Here is an example of a RAG pipeline that uses FirecrawlWebSearch to look up an answer on the web. Because Firecrawl returns the actual text of the scraped pages, you can pass the documents output directly into a ChatPromptBuilder to give the LLM the necessary context.

from haystack import Pipeline
from haystack.utils import Secret
from haystack.components.builders.chat_prompt_builder import ChatPromptBuilder
from haystack.components.generators.chat import OpenAIChatGenerator
from haystack.dataclasses import ChatMessage
from haystack_integrations.components.websearch.firecrawl import FirecrawlWebSearch

web_search = FirecrawlWebSearch(
    top_k=2,
    search_params={"scrape_options": {"formats": ["markdown"]}},
)

prompt_template = [
    ChatMessage.from_system("You are a helpful assistant."),
    ChatMessage.from_user(
        "Given the information below:\n"
        "{% for document in documents %}{{ document.content }}\n{% endfor %}\n"
        "Answer the following question: {{ query }}.\nAnswer:",
    ),
]

prompt_builder = ChatPromptBuilder(
    template=prompt_template,
    required_variables={"query", "documents"},
)

llm = OpenAIChatGenerator(
    api_key=Secret.from_env_var("OPENAI_API_KEY"),
    model="gpt-4o-mini",
)

pipe = Pipeline()
pipe.add_component("search", web_search)
pipe.add_component("prompt_builder", prompt_builder)
pipe.add_component("llm", llm)

pipe.connect("search.documents", "prompt_builder.documents")
pipe.connect("prompt_builder.prompt", "llm.messages")
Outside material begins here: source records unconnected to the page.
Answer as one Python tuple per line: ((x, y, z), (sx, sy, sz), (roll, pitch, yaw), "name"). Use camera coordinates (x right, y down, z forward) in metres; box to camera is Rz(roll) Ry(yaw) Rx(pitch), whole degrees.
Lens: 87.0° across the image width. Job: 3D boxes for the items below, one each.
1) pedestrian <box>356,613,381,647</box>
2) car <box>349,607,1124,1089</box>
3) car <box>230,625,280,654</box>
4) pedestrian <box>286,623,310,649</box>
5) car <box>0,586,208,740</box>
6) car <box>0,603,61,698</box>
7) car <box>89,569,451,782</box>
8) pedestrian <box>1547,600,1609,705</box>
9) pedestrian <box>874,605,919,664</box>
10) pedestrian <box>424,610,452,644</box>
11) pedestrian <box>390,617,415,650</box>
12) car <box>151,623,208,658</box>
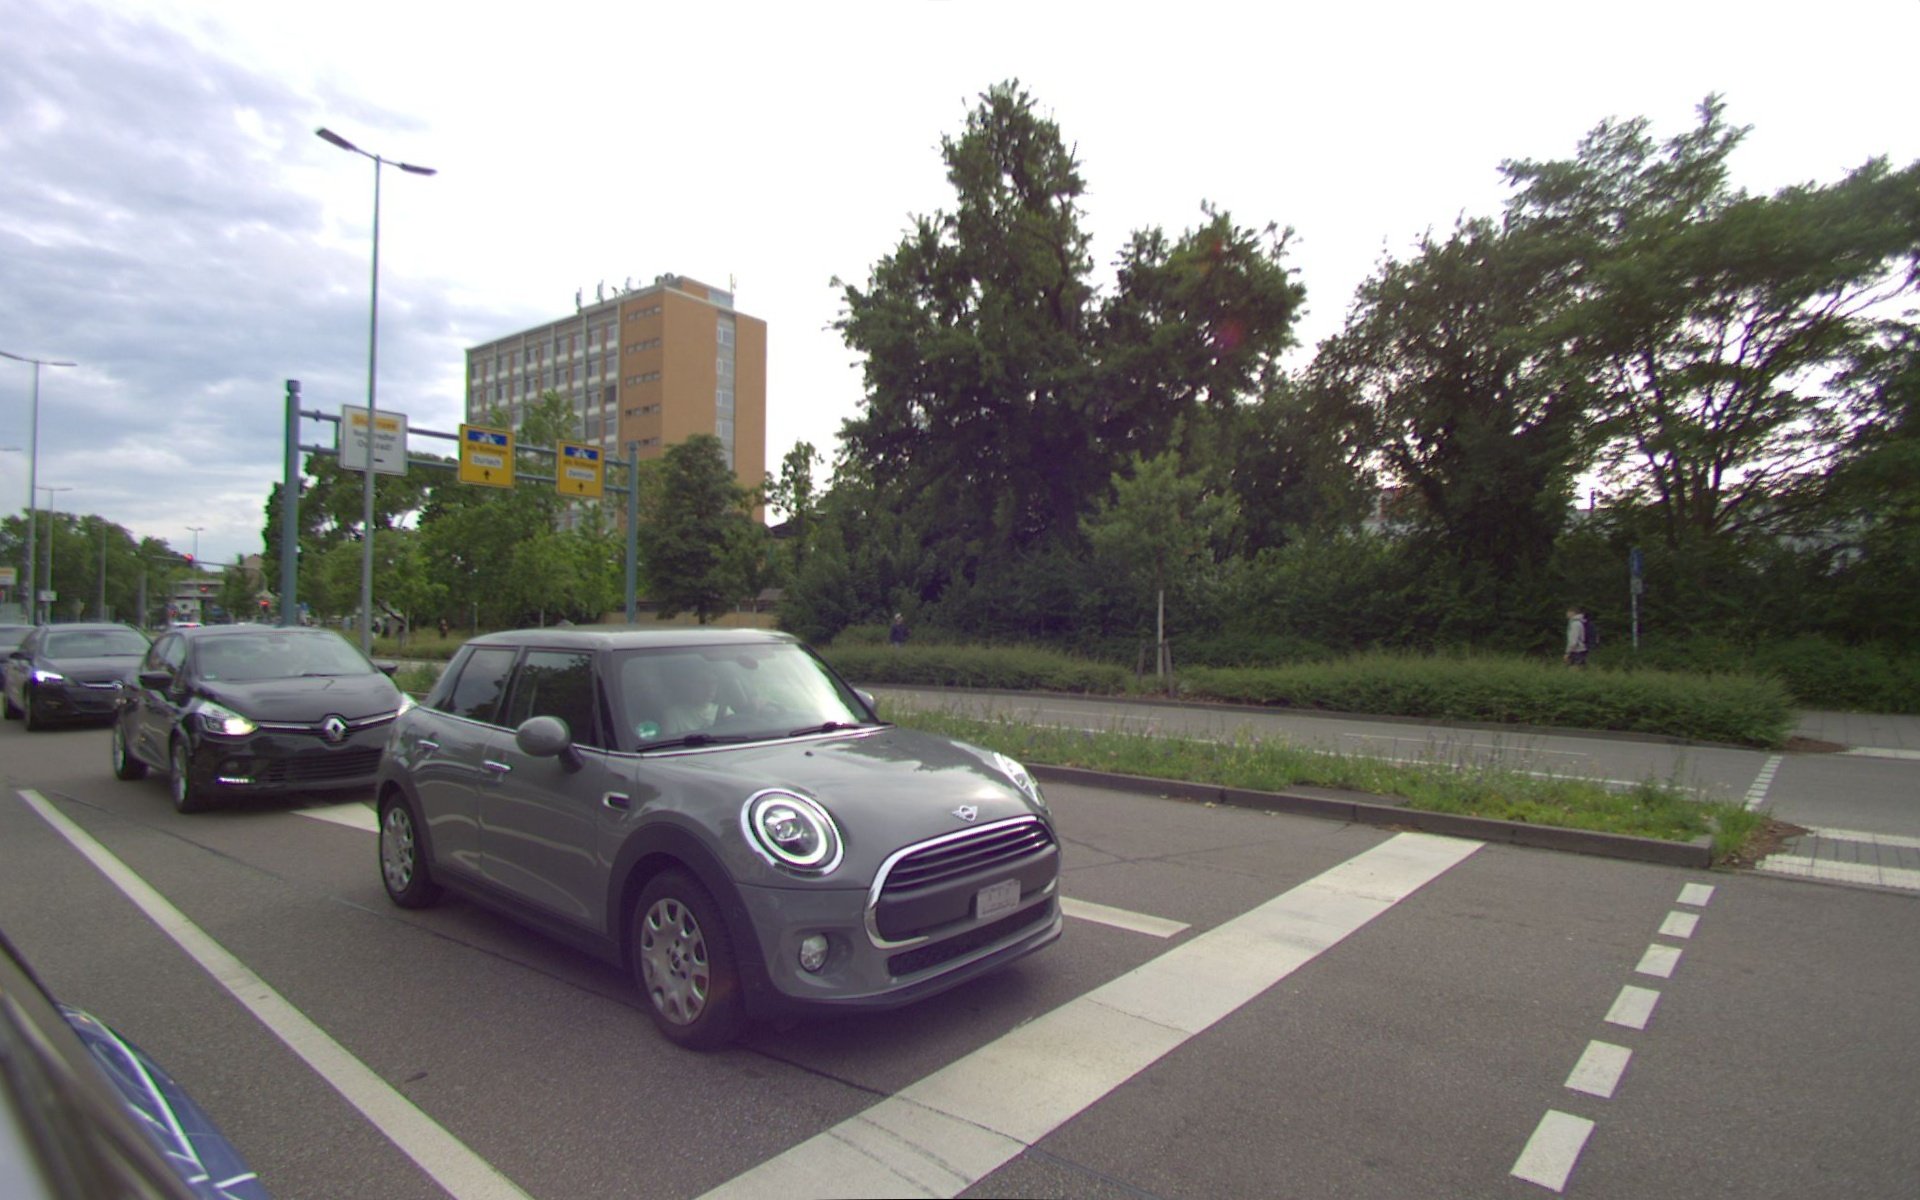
((-36.283, 1.832, 62.026), (1.218, 2.029, 0.872), (-1, -1, 33), "pedestrian")
((-1.256, 0.736, 4.647), (3.704, 1.328, 1.604), (-1, -3, 41), "car")
((-40.121, 2.213, 57.586), (1.828, 1.564, 4.005), (1, -2, -42), "car")
((-51.714, 2.808, 79.028), (1.519, 2.029, 1.208), (-1, -1, 41), "pedestrian")
((-13.208, 0.887, 15.428), (3.998, 2.029, 1.972), (-1, -3, 41), "car")
((-22.101, 1.119, 23.014), (3.998, 2.029, 1.972), (-1, -3, 41), "car")
((-6.246, 0.578, 8.990), (3.998, 1.470, 1.709), (-1, -3, 41), "car")
((12.286, 1.027, 20.116), (0.896, 2.029, 0.823), (1, -2, -45), "pedestrian")
((-1.797, 0.974, 28.748), (0.812, 1.637, 0.978), (-1, -1, 39), "pedestrian")
((-30.554, 1.592, 59.222), (1.163, 1.933, 1.122), (-1, -1, 44), "pedestrian")
((-34.290, 2.049, 62.270), (1.218, 2.029, 0.872), (-1, -1, 33), "pedestrian")
((-42.935, 2.179, 55.634), (4.000, 1.786, 1.868), (-1, 0, 43), "car")

query = "What is Haystack by deepset?"
result = pipe.run(data={"search": {"query": query}, "prompt_builder": {"query": query}})
print(result["llm"]["replies"][0].content)

Parameters

  • api_key: API key for Firecrawl. Defaults to the FIRECRAWL_API_KEY environment variable.
  • top_k: Maximum number of documents to return. Defaults to 10. Can be overridden by the "limit" parameter in search_params.
  • search_params: Additional parameters for the Firecrawl Search API (e.g., time filters, location, scrape options). See the Firecrawl Search API reference for all available parameters.

Async Support

The component supports asynchronous execution via run_async:

import asyncio
from haystack_integrations.components.websearch.firecrawl import FirecrawlWebSearch

async def main():
    web_search = FirecrawlWebSearch(top_k=3)

    result = await web_search.run_async(query="What is Haystack by deepset?")
    print(f"Found {len(result['documents'])} documents")

asyncio.run(main())

License

firecrawl-haystack is distributed under the terms of the Apache-2.0 license.